Burkina Faso – PNUD : Une coopération sous le sceau de la souveraineté et de l’impact direct
OUAGADOUGOU – Dans un contexte de refondation nationale, le Burkina Faso et le Programme des Nations Unies pour le Développement (PNUD) ont acté un virage stratégique majeur. Le 5 mai 2026, le Premier ministre Rimtalba Jean Emmanuel Ouédraogo a reçu le nouveau représentant résident, Snehal Vasantlal, pour sceller un engagement : celui d’un partenariat où l’expertise onusienne se plie désormais au rythme et aux exigences de la vision souveraine du « Plan Relance » burkinabè.
Par Fasoverse Média
Ce n’est plus un secret, Ouagadougou exige de ses partenaires une mue profonde.

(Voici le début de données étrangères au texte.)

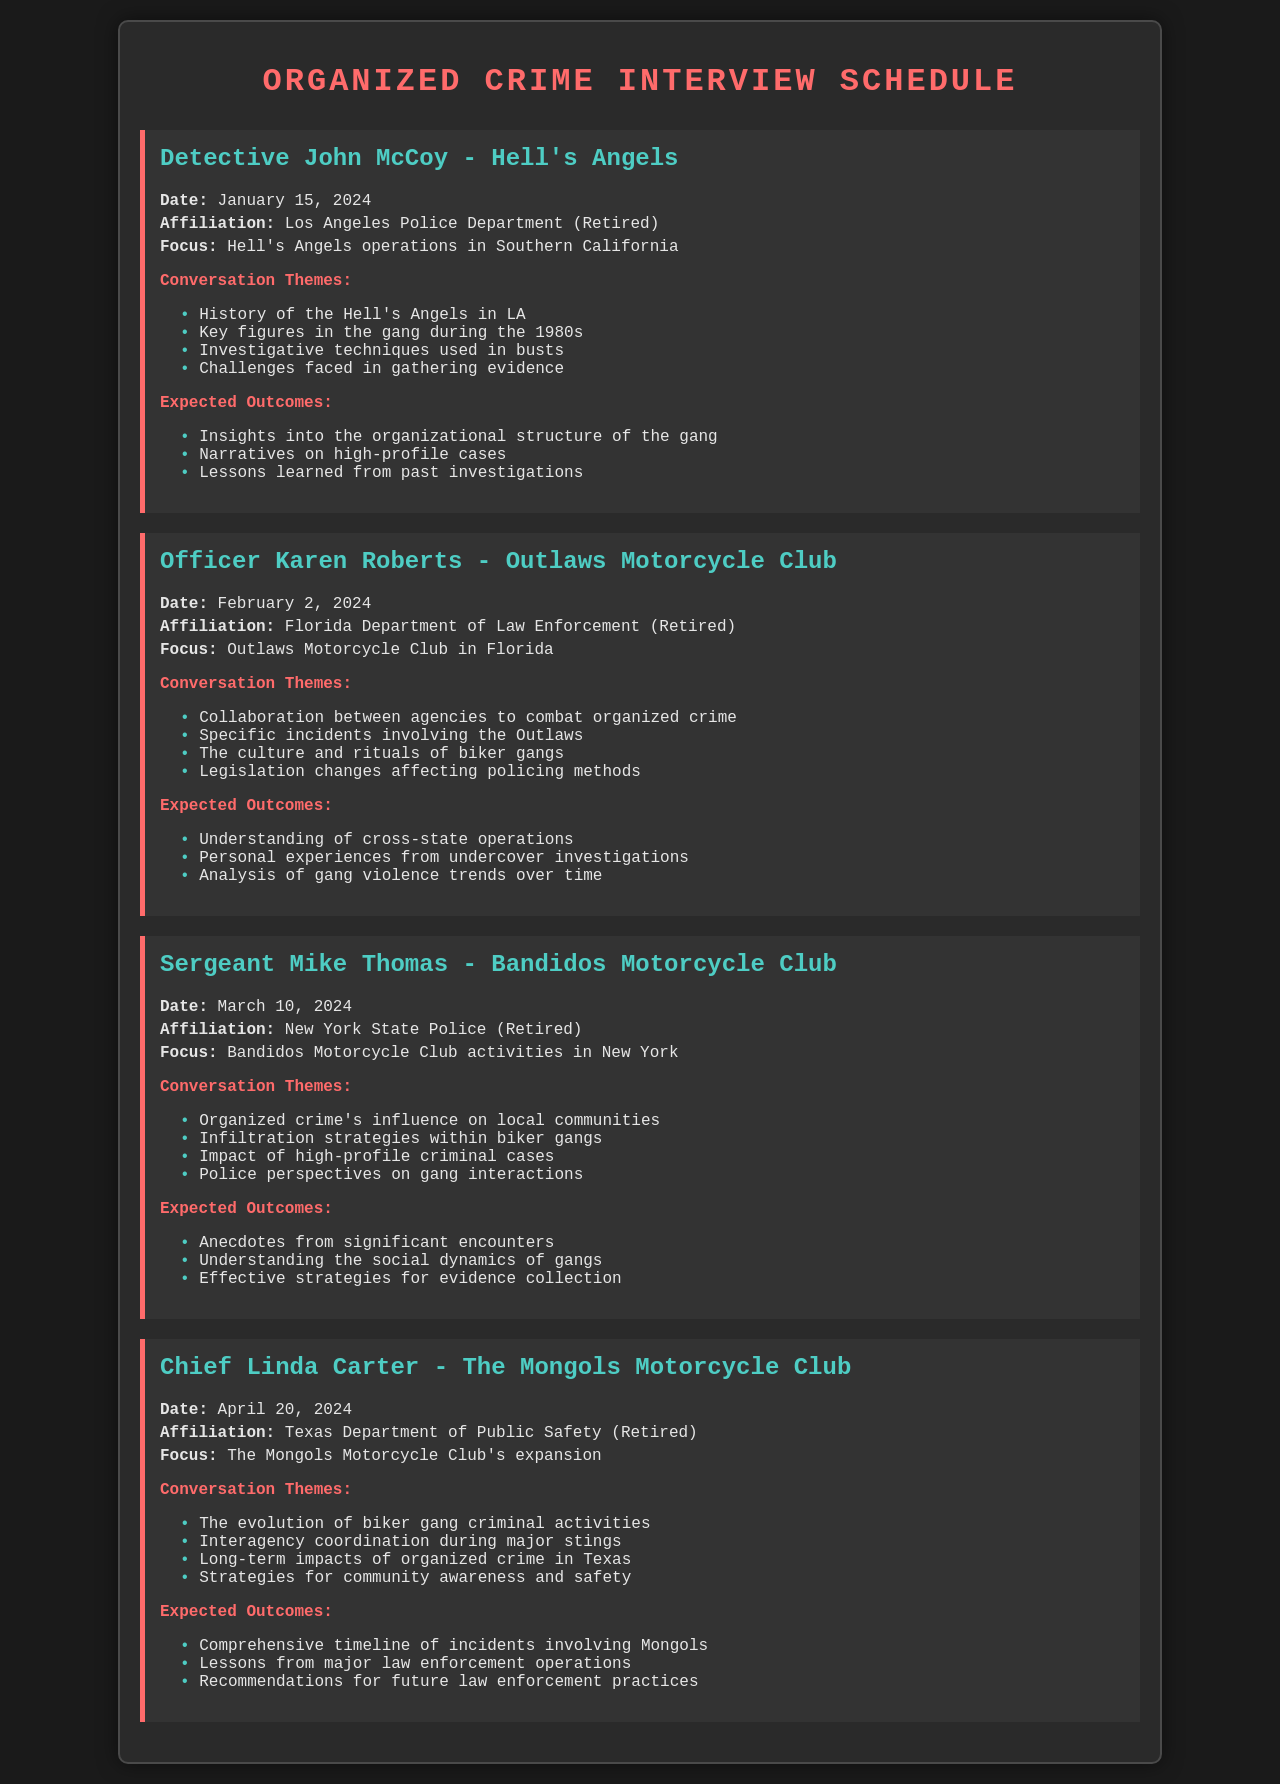what is the date of the interview with Detective John McCoy? The interview with Detective John McCoy is scheduled for January 15, 2024.
Answer: January 15, 2024 who is the retired officer focusing on the Outlaws Motorcycle Club? The retired officer focusing on the Outlaws Motorcycle Club is Officer Karen Roberts.
Answer: Officer Karen Roberts what is the main focus of Sergeant Mike Thomas's interview? The main focus of Sergeant Mike Thomas's interview is Bandidos Motorcycle Club activities in New York.
Answer: Bandidos Motorcycle Club activities in New York how many themes are listed for Chief Linda Carter's interview? Chief Linda Carter's interview lists four themes under conversation themes.
Answer: Four what is one expected outcome from the interview with Officer Karen Roberts? One expected outcome from the interview with Officer Karen Roberts is an understanding of cross-state operations.
Answer: Understanding of cross-state operations who is the interviewee for the Mongols Motorcycle Club? The interviewee for the Mongols Motorcycle Club is Chief Linda Carter.
Answer: Chief Linda Carter what investigative techniques are mentioned in the themes for Detective John McCoy? The themes for Detective John McCoy mention investigative techniques used in busts.
Answer: Investigative techniques used in busts which agency does Officer Karen Roberts have affiliation with? Officer Karen Roberts is affiliated with the Florida Department of Law Enforcement.
Answer: Florida Department of Law Enforcement when is the interview with Chief Linda Carter scheduled? The interview with Chief Linda Carter is scheduled for April 20, 2024.
Answer: April 20, 2024 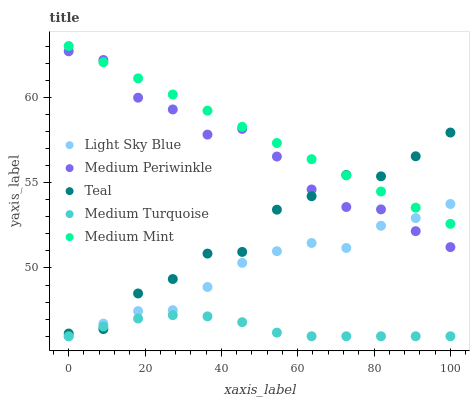Does Medium Turquoise have the minimum area under the curve?
Answer yes or no. Yes. Does Medium Mint have the maximum area under the curve?
Answer yes or no. Yes. Does Light Sky Blue have the minimum area under the curve?
Answer yes or no. No. Does Light Sky Blue have the maximum area under the curve?
Answer yes or no. No. Is Medium Mint the smoothest?
Answer yes or no. Yes. Is Teal the roughest?
Answer yes or no. Yes. Is Light Sky Blue the smoothest?
Answer yes or no. No. Is Light Sky Blue the roughest?
Answer yes or no. No. Does Light Sky Blue have the lowest value?
Answer yes or no. Yes. Does Medium Periwinkle have the lowest value?
Answer yes or no. No. Does Medium Mint have the highest value?
Answer yes or no. Yes. Does Light Sky Blue have the highest value?
Answer yes or no. No. Is Medium Turquoise less than Medium Mint?
Answer yes or no. Yes. Is Medium Periwinkle greater than Medium Turquoise?
Answer yes or no. Yes. Does Teal intersect Medium Periwinkle?
Answer yes or no. Yes. Is Teal less than Medium Periwinkle?
Answer yes or no. No. Is Teal greater than Medium Periwinkle?
Answer yes or no. No. Does Medium Turquoise intersect Medium Mint?
Answer yes or no. No. 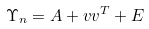Convert formula to latex. <formula><loc_0><loc_0><loc_500><loc_500>\Upsilon _ { n } = A + v v ^ { T } + E</formula>

Lors de cette audience de haut niveau, le Chef du gouvernement a été on ne peut plus clair : « La responsabilité du développement nous incombe en premier lieu ». Un message reçu cinq sur cinq par Snehal Vasantlal, qui a réaffirmé la pleine disponibilité du PNUD à s’aligner sur les priorités nationales pour la période 2026-2030.
Un bilan 2025 comme gage de crédibilité
Loin des simples déclarations d’intention, l’année 2025 a servi de laboratoire à cette nouvelle approche de « résilience active ». Le bilan présenté lors de cette rencontre fait état de résultats concrets ayant touché directement le quotidien des Burkinabè :
- Citoyenneté et Droits : Plus de 34 000 femmes et jeunes ont pu obtenir leurs documents d’état civil, un pas essentiel pour l’inclusion sociale.
- Souveraineté Alimentaire : Près de 240 hectares de périmètres maraîchers ont été aménagés, notamment à Ouahigouya, pour renforcer les moyens d’existence des communautés déplacées ou affectées par la crise.
- Emplois et Environnement : La création de 5 000 emplois verts a permis d’allier insertion économique des jeunes et protection des ressources naturelles.
Au total, ce sont environ 210 millions de dollars (environ 127 milliards de FCFA) qui ont été mobilisés en 2025 par le PNUD pour soutenir la résilience, l’autonomisation et la transition énergétique au Burkina Faso.
Le « Plan Relance » : la boussole incontournable
Le cœur des échanges a porté sur l’intégration du PNUD dans le nouveau cadre de référence national : le Plan Relance 2026-2030. Ce document, adopté par les autorités de la Transition, prône un développement endogène centré sur la production locale et le bien-être immédiat des populations.
Le Premier ministre a salué les acquis dans les domaines de la gouvernance locale et de la cohésion sociale, tout en rappelant que chaque projet doit désormais être « visible et impactant » sur le terrain. Le PNUD s’est engagé à accompagner cette dynamique, notamment à travers des initiatives de stabilisation dans les zones reconquises, permettant le retour progressif des services publics.
La culture, levier de cohésion sociale
Originalité de ce partenariat « rectifié » : l’importance accordée à l’identité culturelle. Le PNUD s’est illustré par son soutien massif à la Semaine Nationale de la Culture (SNC) 2026, parrainant notamment le « Village des communautés ». Pour l’organisation onusienne, la culture n’est pas un accessoire, mais un pilier de l’intégration sahélienne et de la paix durable.
Ce qu’il faut retenir
Cette rencontre marque la fin d’une ère de coopération assistée pour laisser place à une ère de coopération contractuelle. Le PNUD, sous la houlette de Snehal Vasantlal, semble avoir compris que pour rester un partenaire de choix au « Pays des Hommes Intègres », il faut savoir conjuguer expertise internationale et patriotisme économique.